*TASK ITEM*:
Please repeat, without alteration, the line containing "Same again for the car <box>1320,821,1569,913</box>." and every line that follows it to the end of the entries below, and only those lines.

________________________________________

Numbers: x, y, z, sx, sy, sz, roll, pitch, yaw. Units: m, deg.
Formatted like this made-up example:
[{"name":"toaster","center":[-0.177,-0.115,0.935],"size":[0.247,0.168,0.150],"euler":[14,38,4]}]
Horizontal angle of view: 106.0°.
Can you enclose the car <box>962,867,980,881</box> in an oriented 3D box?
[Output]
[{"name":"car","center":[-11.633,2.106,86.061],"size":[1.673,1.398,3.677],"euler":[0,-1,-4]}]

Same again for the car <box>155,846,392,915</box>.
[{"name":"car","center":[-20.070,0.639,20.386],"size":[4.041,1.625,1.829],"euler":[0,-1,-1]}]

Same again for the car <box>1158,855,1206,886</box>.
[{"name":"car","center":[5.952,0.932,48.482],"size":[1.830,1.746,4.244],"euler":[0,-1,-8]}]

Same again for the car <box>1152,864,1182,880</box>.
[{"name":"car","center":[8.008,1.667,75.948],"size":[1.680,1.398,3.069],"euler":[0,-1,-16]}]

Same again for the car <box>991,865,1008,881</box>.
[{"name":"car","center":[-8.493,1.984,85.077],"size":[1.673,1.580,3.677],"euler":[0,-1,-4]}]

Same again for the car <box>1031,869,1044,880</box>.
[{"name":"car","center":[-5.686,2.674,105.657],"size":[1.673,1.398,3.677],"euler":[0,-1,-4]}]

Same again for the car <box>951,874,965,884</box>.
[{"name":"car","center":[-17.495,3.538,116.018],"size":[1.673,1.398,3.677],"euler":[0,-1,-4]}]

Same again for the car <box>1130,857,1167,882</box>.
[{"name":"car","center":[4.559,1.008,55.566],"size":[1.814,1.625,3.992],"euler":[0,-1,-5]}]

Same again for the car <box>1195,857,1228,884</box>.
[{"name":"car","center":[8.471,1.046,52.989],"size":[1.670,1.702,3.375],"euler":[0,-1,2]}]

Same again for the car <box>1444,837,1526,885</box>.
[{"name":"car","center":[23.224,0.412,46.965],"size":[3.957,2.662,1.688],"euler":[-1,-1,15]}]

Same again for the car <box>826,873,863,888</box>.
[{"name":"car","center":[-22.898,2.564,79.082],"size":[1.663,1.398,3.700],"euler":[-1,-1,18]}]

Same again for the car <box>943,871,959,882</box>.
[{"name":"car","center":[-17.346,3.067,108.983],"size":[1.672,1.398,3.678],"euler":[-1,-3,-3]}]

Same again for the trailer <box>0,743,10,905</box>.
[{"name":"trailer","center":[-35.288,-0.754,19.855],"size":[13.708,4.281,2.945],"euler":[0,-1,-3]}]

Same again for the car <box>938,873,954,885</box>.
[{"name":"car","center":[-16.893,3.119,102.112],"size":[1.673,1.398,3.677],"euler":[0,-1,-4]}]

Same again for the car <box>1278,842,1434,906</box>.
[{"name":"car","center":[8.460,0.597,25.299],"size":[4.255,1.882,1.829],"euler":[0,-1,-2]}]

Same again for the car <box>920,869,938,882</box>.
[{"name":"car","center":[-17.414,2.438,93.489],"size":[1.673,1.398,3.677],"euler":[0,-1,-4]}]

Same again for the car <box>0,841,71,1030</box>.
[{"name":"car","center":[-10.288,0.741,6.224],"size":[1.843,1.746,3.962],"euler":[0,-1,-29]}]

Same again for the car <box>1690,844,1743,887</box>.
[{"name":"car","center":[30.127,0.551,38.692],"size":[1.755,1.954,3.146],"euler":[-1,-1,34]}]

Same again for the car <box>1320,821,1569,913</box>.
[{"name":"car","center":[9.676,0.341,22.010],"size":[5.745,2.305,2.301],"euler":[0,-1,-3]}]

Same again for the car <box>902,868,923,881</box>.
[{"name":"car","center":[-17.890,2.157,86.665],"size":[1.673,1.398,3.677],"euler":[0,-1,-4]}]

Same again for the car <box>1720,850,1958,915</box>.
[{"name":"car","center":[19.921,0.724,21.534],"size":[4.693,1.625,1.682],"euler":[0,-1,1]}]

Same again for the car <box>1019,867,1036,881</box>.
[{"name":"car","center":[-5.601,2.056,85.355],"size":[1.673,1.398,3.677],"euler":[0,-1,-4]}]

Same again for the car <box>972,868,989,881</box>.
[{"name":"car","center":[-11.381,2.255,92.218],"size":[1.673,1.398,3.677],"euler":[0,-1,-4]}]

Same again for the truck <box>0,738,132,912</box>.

________________________________________

*WORKED SOLUTION*:
Same again for the car <box>1320,821,1569,913</box>.
[{"name":"car","center":[9.676,0.341,22.010],"size":[5.745,2.305,2.301],"euler":[0,-1,-3]}]

Same again for the car <box>902,868,923,881</box>.
[{"name":"car","center":[-17.890,2.157,86.665],"size":[1.673,1.398,3.677],"euler":[0,-1,-4]}]

Same again for the car <box>1720,850,1958,915</box>.
[{"name":"car","center":[19.921,0.724,21.534],"size":[4.693,1.625,1.682],"euler":[0,-1,1]}]

Same again for the car <box>1019,867,1036,881</box>.
[{"name":"car","center":[-5.601,2.056,85.355],"size":[1.673,1.398,3.677],"euler":[0,-1,-4]}]

Same again for the car <box>972,868,989,881</box>.
[{"name":"car","center":[-11.381,2.255,92.218],"size":[1.673,1.398,3.677],"euler":[0,-1,-4]}]

Same again for the truck <box>0,738,132,912</box>.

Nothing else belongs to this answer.